La alienación, ese tema majestuoso que forma parte del ADN del pop británico prácticamente desde sus comienzos -y que tan buenos resultados les ha ofrecido a grupos tan dispares como los Who o Pink Floyd- se reinterpreta aquí en clave de spa con hidromasaje del primer mundo. La leyenda, perfumada hasta los risible, nos plantea las grabaciones de The magic whip como una suerte de experiencia personal de reencuentro, de nostalgia, y de reformulación de identidad que los cuatro miembros de la banda tuvieron que atravesar durante un exilio forzado de cinco días en un pequeño estudio de Hong-Kong. Lógicamente, tanto la ausencia de buenas imágenes de archivo, como la falta de interés de las entrevistas realizadas, hace que cualquier tipo de interés por el proceso personal, supuestamente trascendental y místico de los chicos de Blur, nos importe entre el cero y la nada. Sin embargo, lo interesante de la cinta se encuentra en otro lado: en la puesta en escena de los temas en directo que puntean la soporíferas declaraciones de los músicos, y en las que realmente se recoge la experiencia que supuso acercarse a los últimos conciertos ofrecidos por la banda.

Los que tuvimos la agradable experiencia de escucharles en el FIB de hace dos años nos encontramos con un grupo muy diferente al que plantea el documental: aquellos músicos maduros y rigurosos que aterrizaron según cuenta la leyenda en el fantasmagórico aeropuerto de Castellón, ofrecieron a la multitud de manera coherente, muy divertida, y extraordinariamente cercana un puñado bien escogido de temas. Las imágenes del documental son capaces, hasta cierto punto, de hacer justicia a lo que vimos encima del escenario: un pop maduro, pertinentemente arreglado, lo suficientemente artificial como para resultar digerible, y al mismo tiempo, lo suficientemente sincero como para provocar la catarsis.

De ahí que en New world towers, lo peor sean siempre aquellas imágenes que se pretenden artísticas, cinematográficas. Los largos travellings por las calles de Hong-Kong muestran una fotografía demasiado gris y un tinte desapasionado y amateur que resulta poco menos que ridículo al compararlo con algunos planos dirigidos por, digamos, Oliver Assayas o por Gaspar Noé. Sin embargo, cuando estamos con los músicos en el escenario y nos sometemos a la “experiencia Blur” –ya sea en el cancionero tradicional, o en las nuevas canciones-, entonces casi se nos olvidan las profundas caras de aburrimiento y la limpieza absolutamente vacía con la que el director gestiona los primeros planos de las entrevistas. Por poner apenas un ejemplo, la fantástica Girls and boys está perfectamente orquestada para que la puesta en escena dialogue con la construcción musical -si bien, intuyo, el mérito quizá sería más atribuible al realizador en directo del concierto de Hyde Park. Del mismo modo, resulta extraño que, a nivel estructural, el director decidiera no cerrar la cinta con esa explosión fantástica de ritmo y memoria que sigue siendo Song 2.

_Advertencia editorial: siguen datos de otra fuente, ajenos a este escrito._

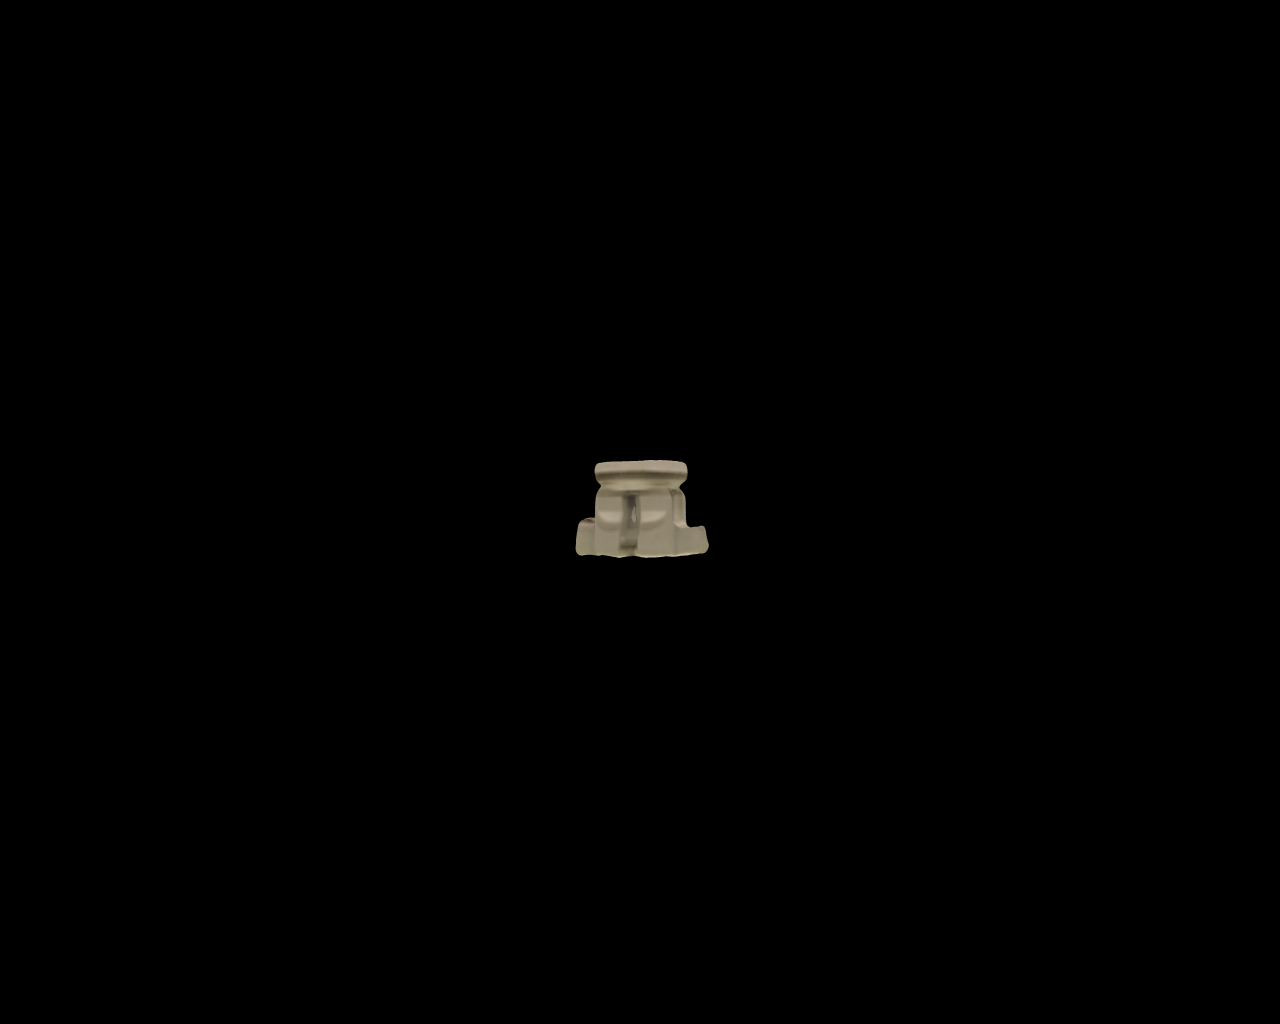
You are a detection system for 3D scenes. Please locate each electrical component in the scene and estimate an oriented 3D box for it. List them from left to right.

A la salida del cine, me retiro con una sonrisa dulce y las manos metidas en los bolsillos para acabar teniendo la misma conversación amada con los cómplices donostiarras: ¿Éramos de Oasis o de Blur? ¿Creímos en la violencia o en la pose? ¿Hubiera ganado Noel a Liam en una pelea a navajazos? ¿Hemos aguantado el paso del tiempo, o por el contrario, nos hemos aburrido lo suficiente para no sentir ganas de golpear el suelo al volver a escuchar lo de Woo-hoo, When I feel heavy-metal? Preguntas exquisitas, de máxima importancia, que en el fondo, nos hacen intuir que, pese a sus fallos, el documental funciona de manera correcta.